Difficulty Rating: 1500.0
Difficulty Comparisons: 0
Banger Rating: 1500.0
Banger Comparisons: 0
Prove the identity
\[
4\sin\theta \sin(\tfrac13\pi-\theta) \sin (\tfrac13\pi+\theta)=
\sin 3\theta\,
.
\tag{$*$}\]
\begin{questionparts}
\item By differentiating $(*)$, or otherwise, show that
\[
\cot \tfrac19\pi - \cot \tfrac29\pi + \cot \tfrac49\pi = \sqrt3\,.
\]
\item
By setting $\theta = \frac16\pi-\phi$ in $(*)$, or otherwise,
obtain a similar identity for $\cos3\theta$ and deduce that
\[
\cot \theta \cot (\tfrac13\pi-\theta) \cot (\tfrac13\pi+\theta) =\cot3\theta\,.
\]
Show that
\[
\cosec \tfrac19\pi -\cosec \tfrac59\pi +\cosec \tfrac79\pi = 2\sqrt3\,.
\]
\end{questionparts}\begin{align*}
&& LHS &= 4\sin\theta \sin(\tfrac13\pi-\theta) \sin (\tfrac13\pi+\theta) \\
&&&= 4 \sin \theta \left (\tfrac{\sqrt{3}}{2}\cos \theta - \tfrac12 \sin \theta \right)\left (\tfrac{\sqrt{3}}{2}\cos \theta + \tfrac12 \sin \theta \right) \\
&&&= 4 \sin \theta \left (\tfrac{3}{4}\cos^2 \theta - \tfrac14 \sin^2 \theta \right) \\
&&&= 3\sin \theta - 4\sin^3 \theta \\
&&&= \cos 3 \theta = RHS
\end{align*}
\begin{questionparts}
\item $\,$ \begin{align*}
&& 3 \cos 3 \theta &= \sin 3 \theta \left (\cot \theta - \cot (\tfrac13\pi - \theta) + \cot (\tfrac13\pi + \theta) \right) \\
\Rightarrow && 3 \cot 3\theta &= \cot \theta - \cot (\tfrac13\pi - \theta) + \cot (\tfrac13\pi + \theta) \\
\theta = \tfrac{\pi}{9}: && 3\cot \frac{\pi}{3} &= \cot \tfrac{\pi}{9} - \cot \tfrac{2}{9}\pi + \cot \tfrac49 \pi \\
\Rightarrow && \sqrt{3} &= \cot \tfrac{\pi}{9} - \cot \tfrac{2}{9}\pi + \cot \tfrac49 \pi
\end{align*}
\item $\,$ \begin{align*}
\theta = \tfrac16\pi - \phi && \sin(\tfrac12\pi - 3\phi) &= 4\sin(\tfrac16\pi - \phi)\sin(\phi+\tfrac16\pi)\sin(\tfrac12\pi - \phi) \\
\Rightarrow && \cos 3\phi &= 4\cos(\phi - \tfrac13\pi)\cos(\tfrac13\pi - \phi)\cos\phi \\
\Rightarrow && \cot 3\theta &= \cot \theta\cot(\phi - \tfrac13\pi)\cot(\tfrac13\pi - \phi) \tag{dividing by ($*$)} \\
\\
\frac{\d}{\d \theta}:&& -\csc^2 3\phi &= \cot3\phi \left (-\csc^2 \phi\tan \phi+\csc^2 (\tfrac13\pi - \phi) \tan (\tfrac13\pi - \phi) -\csc^2(\phi - \tfrac13\pi)\tan (\phi - \tfrac13\pi) \right) \\
\Rightarrow && \csc^23\phi\tan3\phi & = 2( \csc2\phi- \csc(\tfrac{2}{3}\pi - 2\phi)+\csc(\phi - \tfrac23\pi)) \\
\phi = \frac{1}{18}\pi: && 4\sqrt{3} &= 2(\csc \tfrac{1}{9}\pi - \csc \tfrac59\pi + \csc \tfrac79 \pi) \\
\end{align*}
and the result follows.
\end{questionparts}
This was another very popular but poorly answered question.
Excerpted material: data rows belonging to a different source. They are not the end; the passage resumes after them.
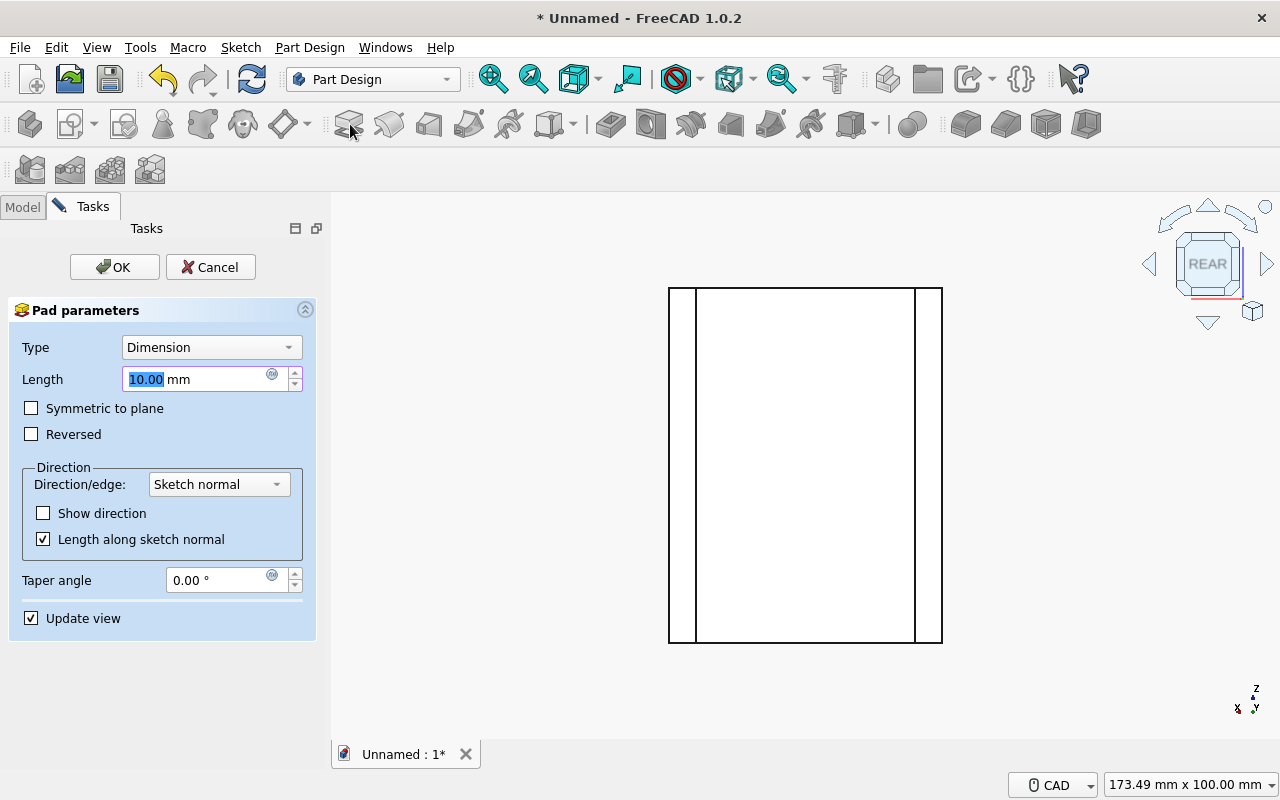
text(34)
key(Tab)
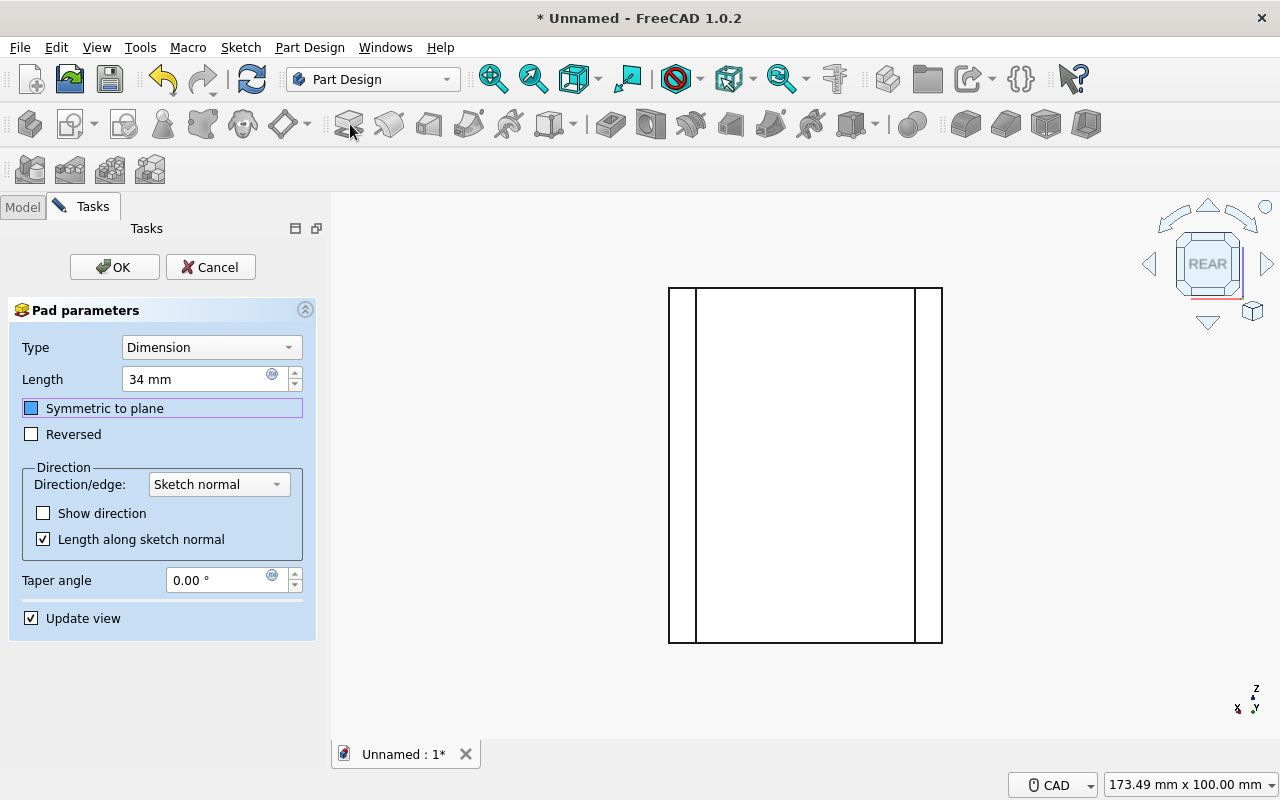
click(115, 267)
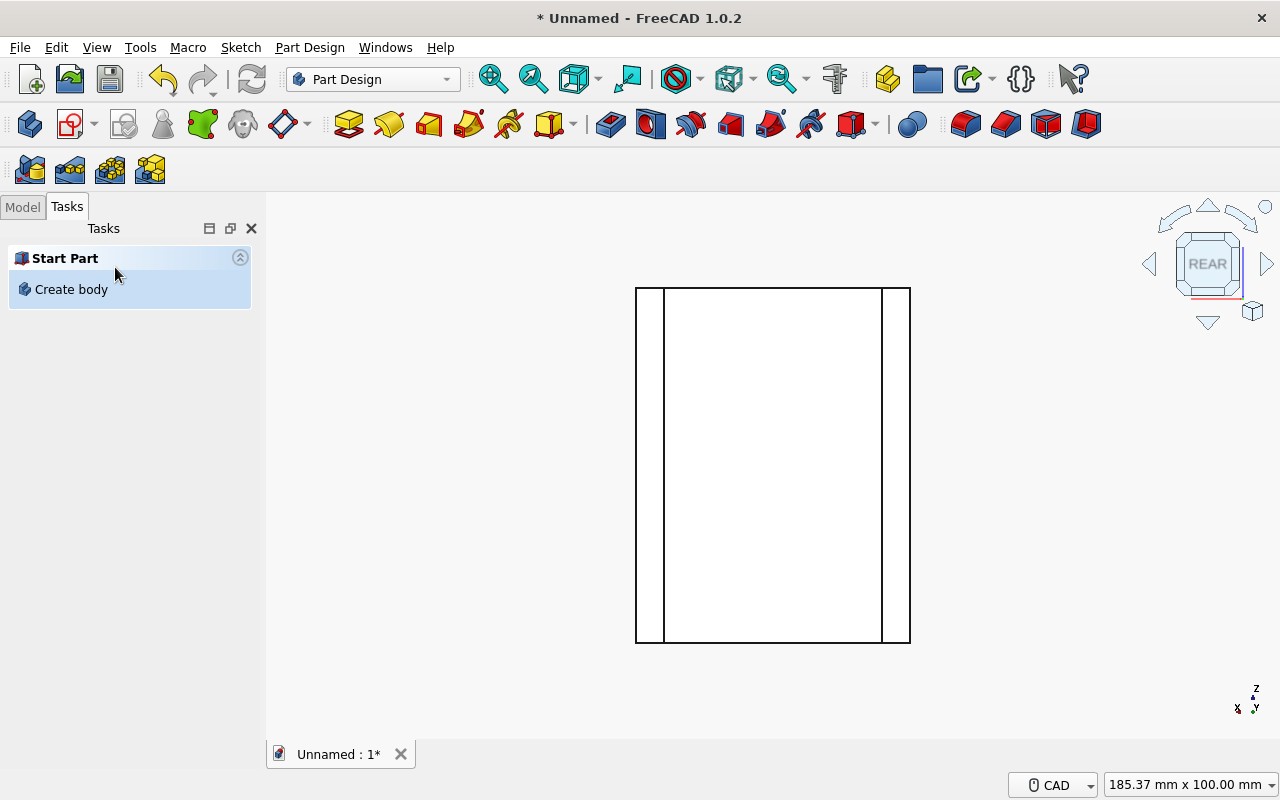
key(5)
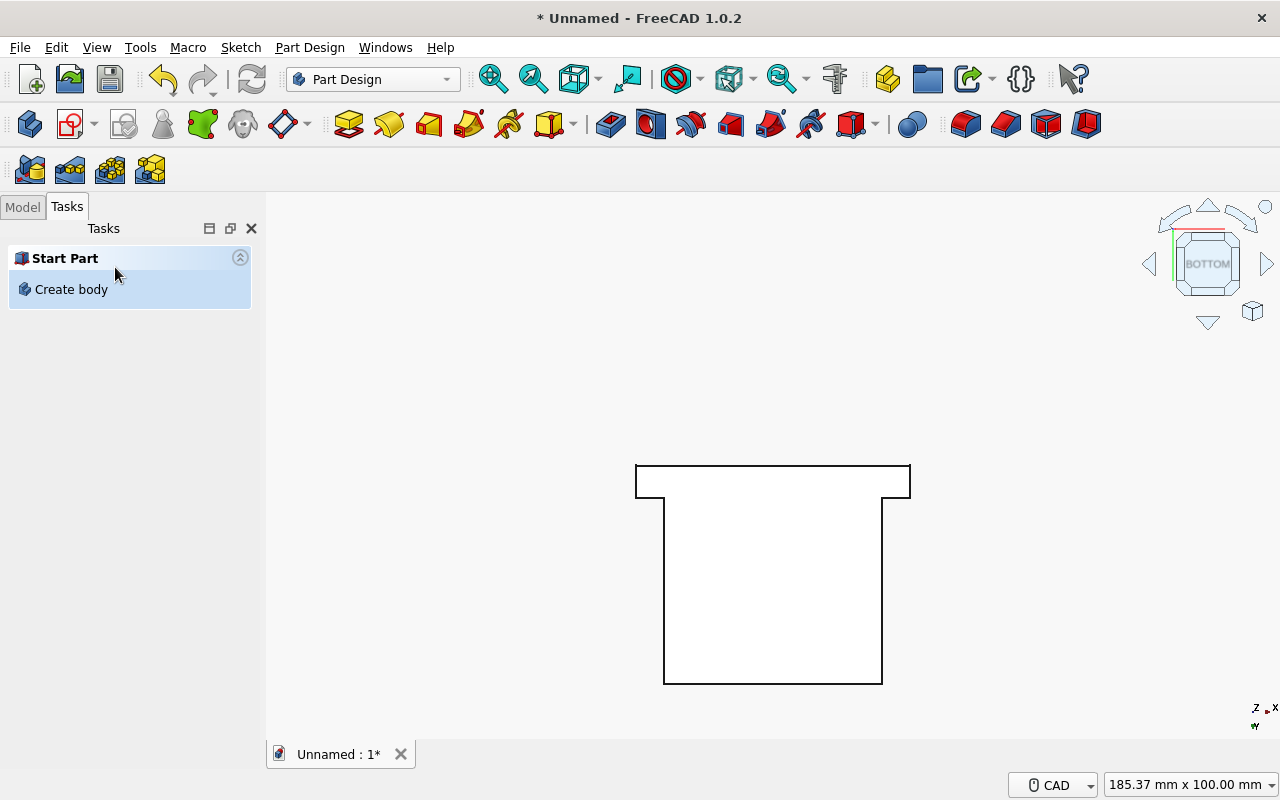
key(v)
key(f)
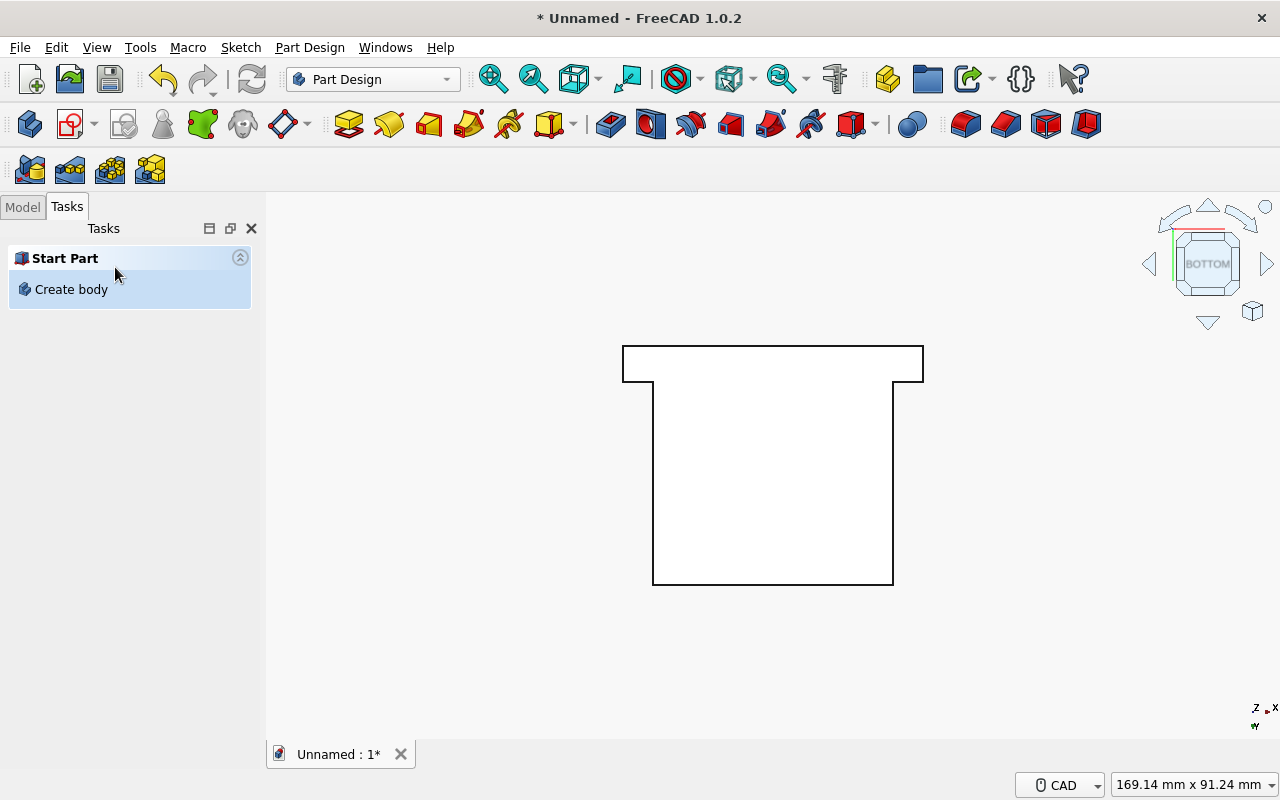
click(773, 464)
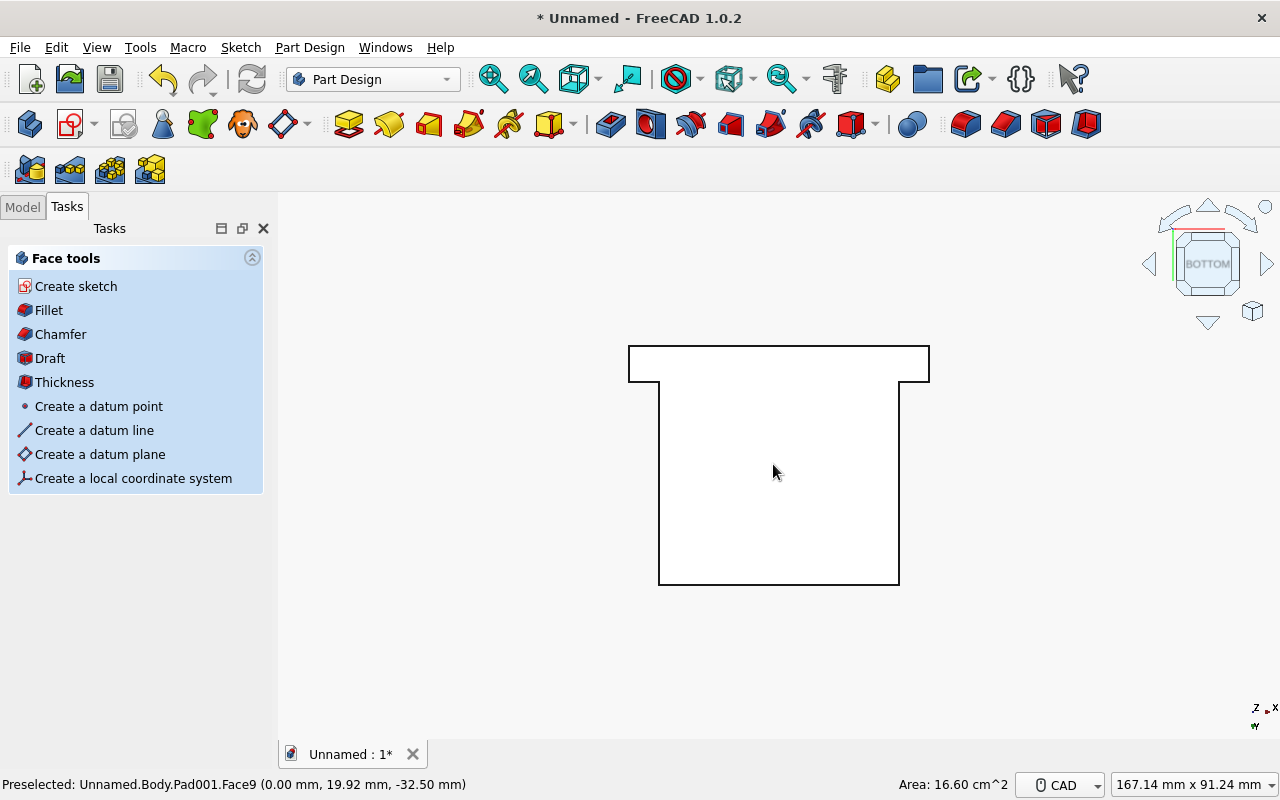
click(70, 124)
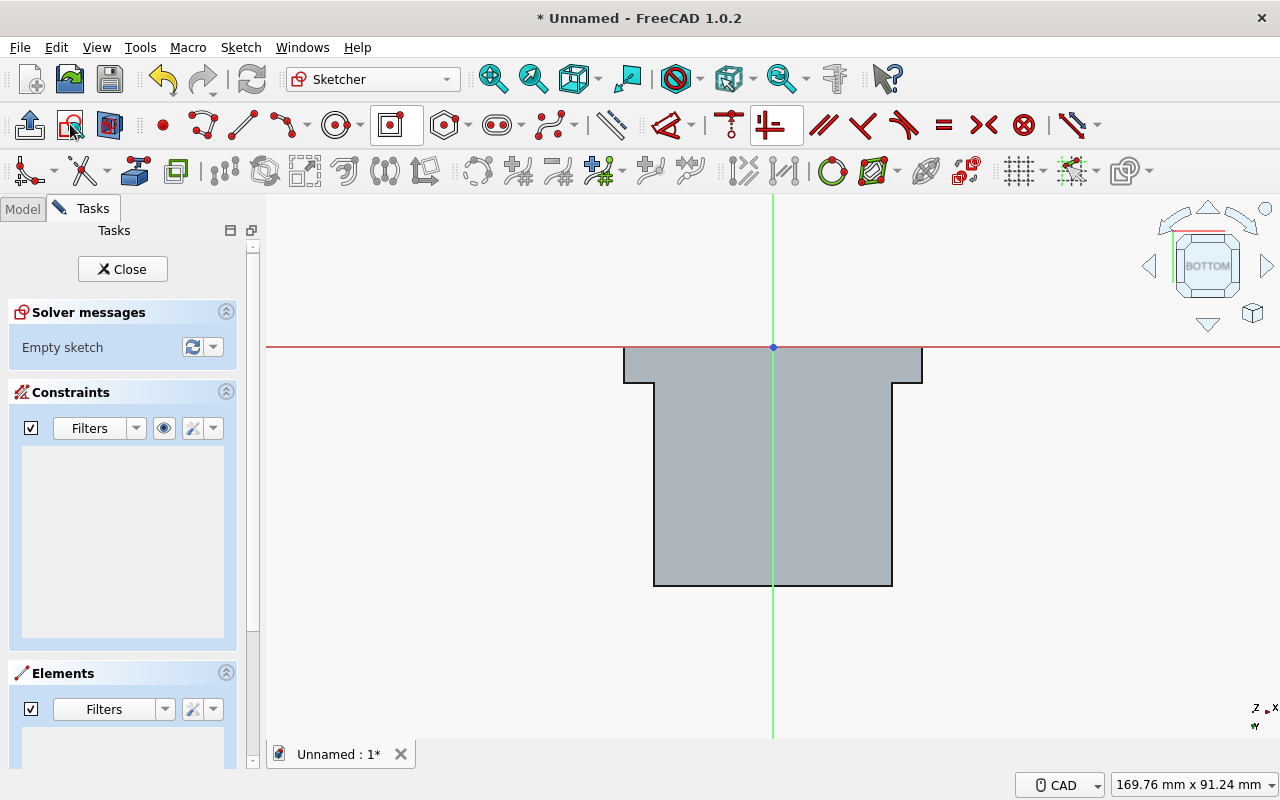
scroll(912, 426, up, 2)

While most candidates were able to gain some marks, few proceeded beyond the initial part of the question, giving a median mark of 5 and an upper quartile of 7. Candidates generally did well at the first part of this question, with the majority using the compound angle formulæ to expand the sines on the left hand side of the identity. A number got stuck at this point, either because they did not know sin π/3 or cos π/3 or because they made algebraic errors. About a quarter of candidates were unable to complete the proof as they did not show that sin 3θ is identical to 3 sin θ − 4 sin³θ or equivalent; some simply stated the result with no justification. On the other hand, a number of candidates offered very nice arguments using de Moivre's theorem, which was very nice to see. Some candidates used the factor formulæ, but these were in the minority. (i) Many candidates who reached this point were able to differentiate the identity correctly, which was pleasing. A significant number failed at this hurdle, though. Of those who did differentiate correctly, though, the majority failed to realise that they could divide their new identity involving cosines by the original identity to reach the stated result. Since the rest of the question depended upon this idea, barely a quarter of candidates made any further progress. There was a strong hint though: the presence of cot θ should suggest thinking about cos θ/ sin θ. (ii) Of those who had become stuck earlier, very few attempted this part, even though the first half was totally independent of part (i). Of those who did, a significant number became stuck after performing the given substitution, not realising that they could then use the identity sin(π/2 − x) = cos x. There were also a number of candidates who successfully derived the result from scratch using the compound angle formula for tan. Few candidates made it as far as the cosec equation. Of those who did, and realised that they needed to perform another division or equivalent, few were comfortable enough with the trigonometric manipulations involved to reach an expression involving cosec 2θ and thence to reach the stated result.